There is a bunch of customs on Ebay,,,, $450e. But That price takes me back to another rifle. :>)

THANKS Guys

I'll report back, if/when I pull the plug!


----------



## fastwater

Doboy said:


> maybe I should do a search for an Encore Bushmaster,,,, do they even make 'em? I think not.


I don't think anyone is making the 450BM bbl for the Encore...yet.
Which with the way the cal. has taken off, most likely will soon come and if that happens, I may just get one myself. Too...the case length of the 450BM is legal for use in lower Mich. as well as PA if someone had the interest to go there and hunt.
Don't think the 45/70 meets those two states 'case length' requirements. May be wrong but I think it may be to long.
Far as the recoil on the 45/70, if you reload, the 45/70 can be loaded from mild to wild. Something I don't think can be done with the 450BM.

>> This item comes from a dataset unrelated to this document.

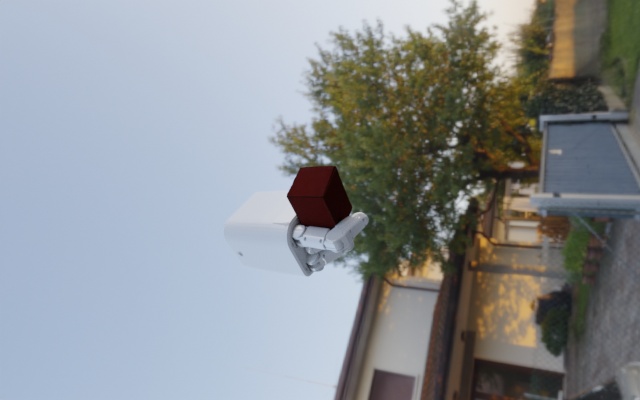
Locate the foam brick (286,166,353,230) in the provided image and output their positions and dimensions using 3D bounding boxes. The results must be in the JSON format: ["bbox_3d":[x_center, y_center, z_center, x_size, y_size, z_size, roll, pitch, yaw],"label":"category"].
[{"bbox_3d":[0.000,0.002,0.599,0.051,0.053,0.078,3,-42,26],"label":"foam brick"}]
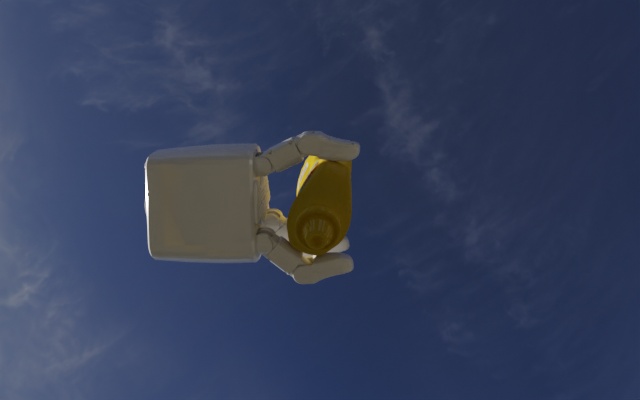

Forgot to add that if going with the 450BM and are going to reload, you can purchase the 45cal .452 projectiles in bulk fairly reasonable. You can then match those same projectiles up with the proper sabot and plink with them out of your 50cal. inline. This is a much more economical way to shoot your inline on a regular basis rather than buying pre-packaged inline bullet/sabot combos.


----------



## Drm50

Guys with the Contender type carbines around here are getting into .460 S&W. One guy has a #1
Ruger custom in 460. The 45/70, 38/55 are Black Powder cartridges and 375w is cloned off 38/55
all have more case volume than necessary for Smokeless. They look powerful because they are so
big. Actually some of the magnum pistol cartridges are better designed and shooting 200-250gr
bullets out of carbines and rifles make them good choice for Ohio deer.


----------



## fireline

Buy a JM Marlin 1895 45 70 rifle or guide gun, you can load it up or down as needed, should be able to find one in the $500-600 range, I would stay away from the Remington made Marlin also known as a Remlin


----------



## Gill

Picked up the cva v2 scout in 45-70. Stainless barrel. Recoil isn't that bad. Hit a bullseye the size of a nickel at 100 yds. Federal power shok 300 grain factory loads, round nose soft point. $350.


----------



## Lundy

I have multiple single shot H&R’s in 357 Max and .444. They are all extremely accurate and the deer seldom even take a single step


----------



## Jtom

Let me qualify the comment I made concerning recoil of the 45/70 & 444; if shooting multiple times...> 10 with full power hunting loads......out of Marlin Guide gun it hits ya. However, as we know you don't feel the recoil when hunting. So, just don't your have daughter site in the 45/70 or the 444. The Ruger American 450 has a muzzle brake which helps quite a bit. The Ruger feels like a 20 gauge low brass out of a standard weight pump.


----------



## Doboy

Gill said:


> Picked up the cva v2 scout in 45-70. Stainless barrel. Recoil isn't that bad. Hit a bullseye the size of a nickel at 100 yds. Federal power shok 300 grain factory loads, round nose soft point. $350.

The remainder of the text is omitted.